Five serpentinite mud volcanoes have been targeted by three ocean-drilling campaigns: Yinazao (55 km distance from the trench, 13 km slab depth, slab temperature ∼ 80 ∘C), Fantangisña (62 km from the trench, 14 km slab depth, ∼150 ∘C), Asùt Tesoru (72 km from the trench, 18 km slab depth, ∼250 ∘C), South Chamorro (78 km from the trench, 18 km slab depth, ∼250–350 ∘C), and Conical (86 km distance from the trench, 19 km slab depth, ∼250–350 ∘C; Maekawa et al., 1993; Fryer and Salisbury, 2006; Gharib, 2006; Oakley et al., 2007, 2008; Hulme et al., 2010). We studied drill core materials recovered from Yinazao, Fantangisña, and Asùt Tesoru during IODP Expedition 366. Our samples include (i) rock clasts of serpentinized peridotite, altered mafic volcanics, and metasediment; (ii) authigenic carbonate precipitates from the serpentinite mud; and (iii) pore waters extracted from the serpentinite mud. Veins of carbonate, silicate, and sulfate phases crosscut the rock clasts.
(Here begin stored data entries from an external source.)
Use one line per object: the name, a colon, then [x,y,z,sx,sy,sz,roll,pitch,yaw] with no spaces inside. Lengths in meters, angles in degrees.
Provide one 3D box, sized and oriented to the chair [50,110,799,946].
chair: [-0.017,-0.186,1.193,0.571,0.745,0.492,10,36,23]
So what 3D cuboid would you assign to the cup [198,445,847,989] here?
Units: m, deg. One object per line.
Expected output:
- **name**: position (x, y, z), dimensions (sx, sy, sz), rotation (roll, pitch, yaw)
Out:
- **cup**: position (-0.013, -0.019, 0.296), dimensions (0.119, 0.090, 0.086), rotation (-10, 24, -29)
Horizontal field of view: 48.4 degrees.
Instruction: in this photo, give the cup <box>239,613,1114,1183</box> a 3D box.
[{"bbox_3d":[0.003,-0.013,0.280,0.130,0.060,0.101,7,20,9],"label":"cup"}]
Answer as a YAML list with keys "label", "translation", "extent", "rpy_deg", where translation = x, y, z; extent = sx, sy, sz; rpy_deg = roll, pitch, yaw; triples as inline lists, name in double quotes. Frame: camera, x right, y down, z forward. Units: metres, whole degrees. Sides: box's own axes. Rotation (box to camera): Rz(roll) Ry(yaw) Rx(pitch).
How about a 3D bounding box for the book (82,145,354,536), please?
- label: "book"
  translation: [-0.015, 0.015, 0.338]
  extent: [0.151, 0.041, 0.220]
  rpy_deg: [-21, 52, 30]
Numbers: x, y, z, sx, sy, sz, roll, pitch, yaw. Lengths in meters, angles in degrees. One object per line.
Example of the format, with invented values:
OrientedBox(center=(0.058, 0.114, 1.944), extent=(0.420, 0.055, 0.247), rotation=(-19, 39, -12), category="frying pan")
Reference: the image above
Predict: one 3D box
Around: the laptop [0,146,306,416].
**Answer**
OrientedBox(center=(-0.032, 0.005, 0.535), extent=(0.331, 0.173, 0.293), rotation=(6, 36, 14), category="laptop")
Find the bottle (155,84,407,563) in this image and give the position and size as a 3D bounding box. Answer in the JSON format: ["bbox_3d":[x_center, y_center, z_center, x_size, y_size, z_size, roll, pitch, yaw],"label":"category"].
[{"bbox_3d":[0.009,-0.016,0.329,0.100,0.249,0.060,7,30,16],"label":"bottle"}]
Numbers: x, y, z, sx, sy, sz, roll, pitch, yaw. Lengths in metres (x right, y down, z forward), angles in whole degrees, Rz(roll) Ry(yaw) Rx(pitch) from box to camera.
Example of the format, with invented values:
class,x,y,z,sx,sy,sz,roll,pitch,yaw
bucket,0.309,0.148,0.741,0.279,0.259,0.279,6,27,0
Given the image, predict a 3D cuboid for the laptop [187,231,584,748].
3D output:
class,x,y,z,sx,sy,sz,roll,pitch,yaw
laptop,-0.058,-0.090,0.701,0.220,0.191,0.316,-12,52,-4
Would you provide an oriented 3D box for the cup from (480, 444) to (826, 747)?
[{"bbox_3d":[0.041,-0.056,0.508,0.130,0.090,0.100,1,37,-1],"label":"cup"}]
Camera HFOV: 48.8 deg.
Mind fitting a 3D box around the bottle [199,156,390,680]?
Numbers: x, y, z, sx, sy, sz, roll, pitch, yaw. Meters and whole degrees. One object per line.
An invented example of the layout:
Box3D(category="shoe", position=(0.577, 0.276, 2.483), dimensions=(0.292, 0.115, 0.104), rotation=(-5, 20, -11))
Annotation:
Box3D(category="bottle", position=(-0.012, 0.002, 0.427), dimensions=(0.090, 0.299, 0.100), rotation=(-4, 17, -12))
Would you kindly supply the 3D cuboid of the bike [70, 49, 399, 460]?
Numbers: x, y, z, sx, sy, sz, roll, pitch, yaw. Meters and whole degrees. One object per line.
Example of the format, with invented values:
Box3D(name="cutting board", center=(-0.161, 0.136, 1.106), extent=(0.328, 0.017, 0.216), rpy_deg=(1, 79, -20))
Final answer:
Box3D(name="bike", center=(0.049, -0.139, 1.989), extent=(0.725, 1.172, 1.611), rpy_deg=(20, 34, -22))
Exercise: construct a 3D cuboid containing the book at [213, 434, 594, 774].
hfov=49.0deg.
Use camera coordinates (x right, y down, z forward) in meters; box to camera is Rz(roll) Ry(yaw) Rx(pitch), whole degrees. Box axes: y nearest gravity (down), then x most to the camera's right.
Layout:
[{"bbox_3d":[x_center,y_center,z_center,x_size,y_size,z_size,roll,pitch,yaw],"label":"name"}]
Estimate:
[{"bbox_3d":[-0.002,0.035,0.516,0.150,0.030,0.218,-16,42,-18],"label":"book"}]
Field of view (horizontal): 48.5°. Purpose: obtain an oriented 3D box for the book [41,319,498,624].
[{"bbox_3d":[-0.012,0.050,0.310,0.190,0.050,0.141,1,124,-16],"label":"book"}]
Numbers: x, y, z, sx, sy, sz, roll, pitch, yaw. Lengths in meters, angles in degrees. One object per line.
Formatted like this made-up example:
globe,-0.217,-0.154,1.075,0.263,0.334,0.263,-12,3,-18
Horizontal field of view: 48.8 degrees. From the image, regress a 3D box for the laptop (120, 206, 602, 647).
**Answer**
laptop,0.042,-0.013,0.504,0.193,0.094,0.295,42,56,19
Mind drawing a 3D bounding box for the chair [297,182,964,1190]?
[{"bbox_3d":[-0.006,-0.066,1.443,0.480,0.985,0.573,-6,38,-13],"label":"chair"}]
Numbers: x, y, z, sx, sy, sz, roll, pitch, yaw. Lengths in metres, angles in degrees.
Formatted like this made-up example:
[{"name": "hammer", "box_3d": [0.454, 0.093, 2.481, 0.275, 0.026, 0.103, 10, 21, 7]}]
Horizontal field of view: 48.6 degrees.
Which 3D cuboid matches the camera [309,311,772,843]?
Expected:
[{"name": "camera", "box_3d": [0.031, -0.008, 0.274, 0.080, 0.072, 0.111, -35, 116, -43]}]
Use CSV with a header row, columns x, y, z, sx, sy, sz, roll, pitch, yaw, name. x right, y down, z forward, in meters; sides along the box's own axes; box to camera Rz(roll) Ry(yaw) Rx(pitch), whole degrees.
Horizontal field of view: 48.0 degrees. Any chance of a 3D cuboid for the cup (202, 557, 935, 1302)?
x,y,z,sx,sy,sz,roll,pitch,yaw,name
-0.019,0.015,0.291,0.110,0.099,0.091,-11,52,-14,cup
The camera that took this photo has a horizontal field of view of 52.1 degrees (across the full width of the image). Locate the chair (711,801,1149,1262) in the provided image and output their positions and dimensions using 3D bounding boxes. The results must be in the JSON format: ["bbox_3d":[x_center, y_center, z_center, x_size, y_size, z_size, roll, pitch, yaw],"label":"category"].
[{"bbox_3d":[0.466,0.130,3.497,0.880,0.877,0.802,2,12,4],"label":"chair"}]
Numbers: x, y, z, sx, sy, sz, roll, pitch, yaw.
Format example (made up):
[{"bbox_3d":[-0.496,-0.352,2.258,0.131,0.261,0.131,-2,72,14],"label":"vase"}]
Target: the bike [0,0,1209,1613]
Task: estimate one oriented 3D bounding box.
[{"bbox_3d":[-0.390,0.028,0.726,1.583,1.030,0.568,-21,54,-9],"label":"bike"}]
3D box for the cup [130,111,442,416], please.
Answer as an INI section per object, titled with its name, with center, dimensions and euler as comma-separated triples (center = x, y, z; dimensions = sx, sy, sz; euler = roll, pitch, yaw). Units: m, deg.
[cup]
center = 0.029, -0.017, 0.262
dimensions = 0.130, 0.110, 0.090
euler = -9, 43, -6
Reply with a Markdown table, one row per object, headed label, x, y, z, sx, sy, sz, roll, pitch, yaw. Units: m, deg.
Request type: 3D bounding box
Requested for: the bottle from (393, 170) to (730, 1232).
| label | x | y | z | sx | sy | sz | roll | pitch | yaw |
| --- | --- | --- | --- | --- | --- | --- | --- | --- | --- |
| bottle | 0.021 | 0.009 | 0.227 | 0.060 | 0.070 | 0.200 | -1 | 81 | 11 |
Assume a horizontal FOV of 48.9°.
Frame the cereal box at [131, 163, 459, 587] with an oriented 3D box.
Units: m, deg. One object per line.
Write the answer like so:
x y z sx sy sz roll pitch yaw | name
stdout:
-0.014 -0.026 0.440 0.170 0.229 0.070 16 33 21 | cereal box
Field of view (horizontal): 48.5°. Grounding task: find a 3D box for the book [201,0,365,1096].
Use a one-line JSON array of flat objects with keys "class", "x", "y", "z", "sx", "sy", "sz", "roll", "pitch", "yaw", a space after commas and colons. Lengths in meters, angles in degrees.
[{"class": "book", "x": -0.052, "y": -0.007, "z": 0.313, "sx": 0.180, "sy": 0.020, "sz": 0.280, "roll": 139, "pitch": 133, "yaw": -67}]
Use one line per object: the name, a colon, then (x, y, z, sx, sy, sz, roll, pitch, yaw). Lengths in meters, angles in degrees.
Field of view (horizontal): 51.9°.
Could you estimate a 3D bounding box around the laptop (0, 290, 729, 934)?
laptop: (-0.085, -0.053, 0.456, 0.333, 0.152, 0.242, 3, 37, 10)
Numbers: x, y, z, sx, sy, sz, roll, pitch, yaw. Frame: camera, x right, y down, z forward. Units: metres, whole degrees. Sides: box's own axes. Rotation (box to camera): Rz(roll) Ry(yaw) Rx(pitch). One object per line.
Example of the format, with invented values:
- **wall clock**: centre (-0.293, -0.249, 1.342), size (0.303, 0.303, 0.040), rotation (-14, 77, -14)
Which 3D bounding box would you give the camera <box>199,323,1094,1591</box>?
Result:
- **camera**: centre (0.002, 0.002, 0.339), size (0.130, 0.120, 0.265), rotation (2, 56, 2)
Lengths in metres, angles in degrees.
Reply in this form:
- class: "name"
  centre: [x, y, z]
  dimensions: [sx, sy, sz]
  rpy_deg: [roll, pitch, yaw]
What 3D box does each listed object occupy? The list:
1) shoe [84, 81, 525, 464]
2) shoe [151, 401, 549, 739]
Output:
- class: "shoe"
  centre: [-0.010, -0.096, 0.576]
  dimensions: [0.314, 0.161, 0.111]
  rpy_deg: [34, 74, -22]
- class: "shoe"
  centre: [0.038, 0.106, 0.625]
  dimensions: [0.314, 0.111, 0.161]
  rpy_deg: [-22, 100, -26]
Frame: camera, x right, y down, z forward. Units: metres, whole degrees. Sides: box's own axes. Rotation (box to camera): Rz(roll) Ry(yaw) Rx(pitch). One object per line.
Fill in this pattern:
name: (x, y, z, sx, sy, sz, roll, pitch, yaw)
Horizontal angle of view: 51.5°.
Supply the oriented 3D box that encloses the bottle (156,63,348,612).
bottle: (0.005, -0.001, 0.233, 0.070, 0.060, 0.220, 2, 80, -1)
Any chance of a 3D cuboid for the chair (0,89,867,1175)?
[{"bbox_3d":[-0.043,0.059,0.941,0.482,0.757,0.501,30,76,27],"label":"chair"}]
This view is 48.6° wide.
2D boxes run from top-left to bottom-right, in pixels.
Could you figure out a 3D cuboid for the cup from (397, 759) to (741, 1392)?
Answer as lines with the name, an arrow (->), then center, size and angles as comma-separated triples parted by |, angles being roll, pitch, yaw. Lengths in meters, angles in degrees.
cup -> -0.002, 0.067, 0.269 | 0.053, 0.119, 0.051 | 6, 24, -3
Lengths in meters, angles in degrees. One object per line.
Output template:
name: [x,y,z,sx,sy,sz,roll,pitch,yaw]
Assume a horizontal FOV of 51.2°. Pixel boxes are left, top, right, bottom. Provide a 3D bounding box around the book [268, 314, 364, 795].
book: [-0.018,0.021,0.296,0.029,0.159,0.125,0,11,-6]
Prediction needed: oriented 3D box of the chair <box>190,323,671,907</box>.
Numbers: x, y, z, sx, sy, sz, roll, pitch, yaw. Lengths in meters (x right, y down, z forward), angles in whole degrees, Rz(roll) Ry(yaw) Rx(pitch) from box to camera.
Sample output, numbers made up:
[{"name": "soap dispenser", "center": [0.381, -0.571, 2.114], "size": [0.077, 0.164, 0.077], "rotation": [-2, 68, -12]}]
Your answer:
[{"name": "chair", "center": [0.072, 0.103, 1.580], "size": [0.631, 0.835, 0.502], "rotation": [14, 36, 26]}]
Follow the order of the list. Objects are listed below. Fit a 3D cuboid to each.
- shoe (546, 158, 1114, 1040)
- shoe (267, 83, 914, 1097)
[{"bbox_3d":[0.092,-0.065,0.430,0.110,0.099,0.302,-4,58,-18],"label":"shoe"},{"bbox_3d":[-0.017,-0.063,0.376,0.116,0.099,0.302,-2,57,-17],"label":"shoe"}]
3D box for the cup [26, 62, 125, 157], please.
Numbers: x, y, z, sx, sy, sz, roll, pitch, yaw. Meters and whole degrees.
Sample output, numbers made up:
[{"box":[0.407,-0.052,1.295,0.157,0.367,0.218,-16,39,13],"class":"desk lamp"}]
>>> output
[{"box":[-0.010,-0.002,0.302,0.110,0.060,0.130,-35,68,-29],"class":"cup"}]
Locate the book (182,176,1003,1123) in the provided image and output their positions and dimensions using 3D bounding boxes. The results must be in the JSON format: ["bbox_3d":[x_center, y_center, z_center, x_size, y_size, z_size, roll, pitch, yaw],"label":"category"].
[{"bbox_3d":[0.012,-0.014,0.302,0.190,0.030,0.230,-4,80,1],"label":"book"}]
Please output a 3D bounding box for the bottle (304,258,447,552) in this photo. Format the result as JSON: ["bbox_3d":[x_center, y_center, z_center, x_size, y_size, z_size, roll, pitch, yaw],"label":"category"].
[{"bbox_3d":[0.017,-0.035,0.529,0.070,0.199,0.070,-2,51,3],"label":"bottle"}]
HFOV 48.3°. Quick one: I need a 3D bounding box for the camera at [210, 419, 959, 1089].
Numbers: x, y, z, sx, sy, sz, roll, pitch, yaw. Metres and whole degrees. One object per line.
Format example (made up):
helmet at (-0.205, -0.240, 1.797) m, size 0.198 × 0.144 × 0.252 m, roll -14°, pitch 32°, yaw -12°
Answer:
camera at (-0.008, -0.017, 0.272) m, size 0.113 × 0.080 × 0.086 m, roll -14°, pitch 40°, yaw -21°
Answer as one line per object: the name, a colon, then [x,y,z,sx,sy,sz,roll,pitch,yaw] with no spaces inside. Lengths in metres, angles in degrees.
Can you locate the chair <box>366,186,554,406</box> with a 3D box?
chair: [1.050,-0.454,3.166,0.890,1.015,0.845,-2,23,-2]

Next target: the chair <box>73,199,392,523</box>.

Visual observations were conducted in thin section with both a standard petrographic microscope and a scanning electron microscope. Detailed mineralogical and geochemical analyses of mineral assemblages were carried out on thin sections using confocal Raman spectroscopy, electron microprobe analyses, and laser ablation inductively coupled plasma mass spectrometry (ICP-MS). Stable and Sr isotopic compositions were determined on hand-picked mineral separates of vein materials.
3.1 In situ analyses
3.1.1 Confocal Raman spectroscopy
Mineral assemblages were analyzed with a computer-controlled Horiba LabRAM HR confocal Raman microscope at the Woods Hole Oceanographic Institution. The device is equipped with three lasers (473, 532, and 633 nm); two gratings (600 and 1800 grooves mm−1); a thermoelectric cooled (−70 ∘C) CCD detector; 4×, 10×, 50×, and 100× objectives; a x–y–z motorized stage; and automated mapping options. Most spectra were collected using the 633 nm laser and the 600 grooves mm−1 grating for 5 to 10 s with three to five accumulations between 100 and 1280 cm−1. The LabSpec 6 software suite was used for post-processing of acquired spectra. The instrument was calibrated daily using a silicon wafer, and the RRUFF Raman database (Lafuente et al., 2016) was used for phase identification.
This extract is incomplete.